Web Application Firewall (WAF)
Sebelum serangan menyebar lebih luas, penyerang harus mendapatkan pijakan di dalam jaringan. Berkaca dari kasus Conti, crawler dan vektor akses awal mereka dimulai dengan melancarkan phishing (mail spambot) dan mengeksploitasi celah keamanan layanan (OWA, injeksi SQL, Apache Tomcat cgi-bin). Dengan aplikasi WAF yang baik seharusnya serangan seperti ini dapat diblokir lebih awal di jaringan.
Inventarisasi software dan manajemen patch
Melacak dan mengetahui di mana software diinstalasi dapat membantu mendeteksi komponen tambahan yang tidak diinginkan/diperlukan. Hal ini berlaku untuk backdoor Conti, seperti Atera dan AnyDesk, beserta serangan lainnya, (LAPSUS$ dengan procexp dan ProcessHacker).

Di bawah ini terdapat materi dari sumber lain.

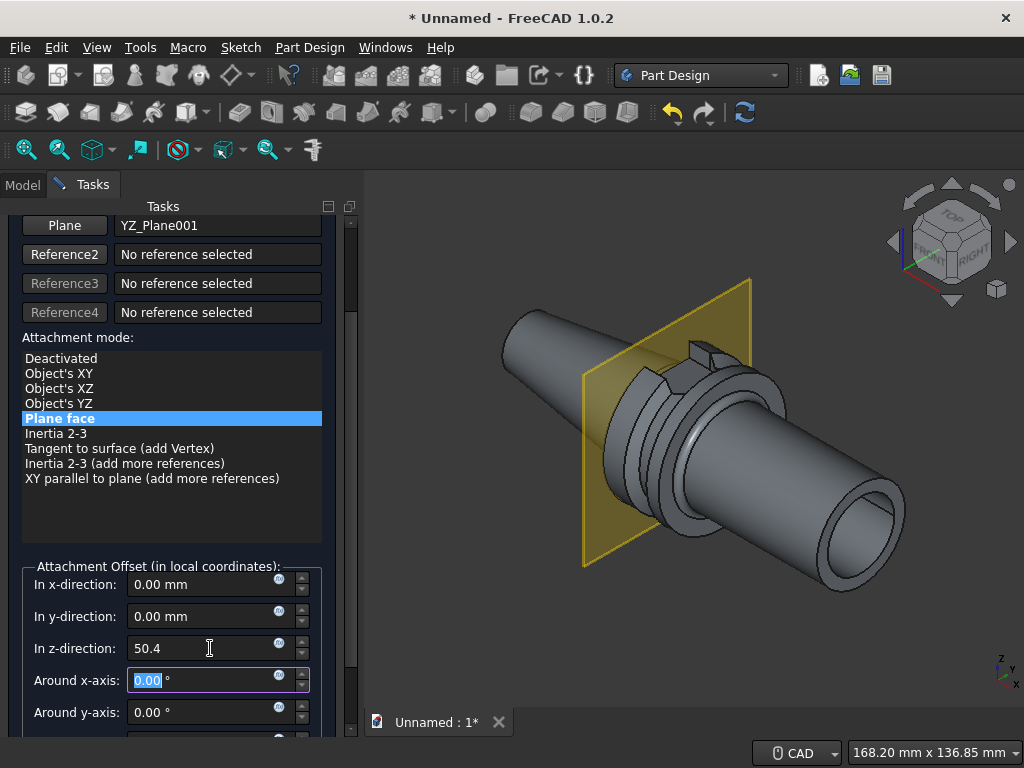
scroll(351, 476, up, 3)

Selain itu, manajemen patch juga dapat melindungi jaringan. Tidak satu pun eksploit yang ada bersifat baru alias patch-nya telah lama dirilis. Meski demikian, Conti dan grup lainnya telah bisa membobol karena banyak server yang tidak konsistem melakukan proses patch.
Deteksi malware - EDR/AV
Sebagai ‘last resort’ proteksi keamanan sistem di jaringan, deteksi dan respons endpoint (endpoint detection and response/EDR) atau Antivirus (AV) yang baik dan up-to-date dapat membantu mendeteksi dan memblokir tool yang digunakan selama serangan. Hal ni berkaca dari Conti yang selalu menguji apakah tool mereka tidak terdeteksi softaware di atas, jadi vital untuk selalu melakukan update software.
Beberapa EDR terbaru juga mengklaim dapat mendeteksi dan mencegah ransomware secara heuristik, ketika ransomware mulai mengenkripsi host. Terlepas dari klaim level keefektifannya, perusahan tetap perlu mempertimbangkan penggunaannya.
*Guardicore adalah penyedia solusi micro segmentation yang diakuisisi Akamai pada tahun 2021.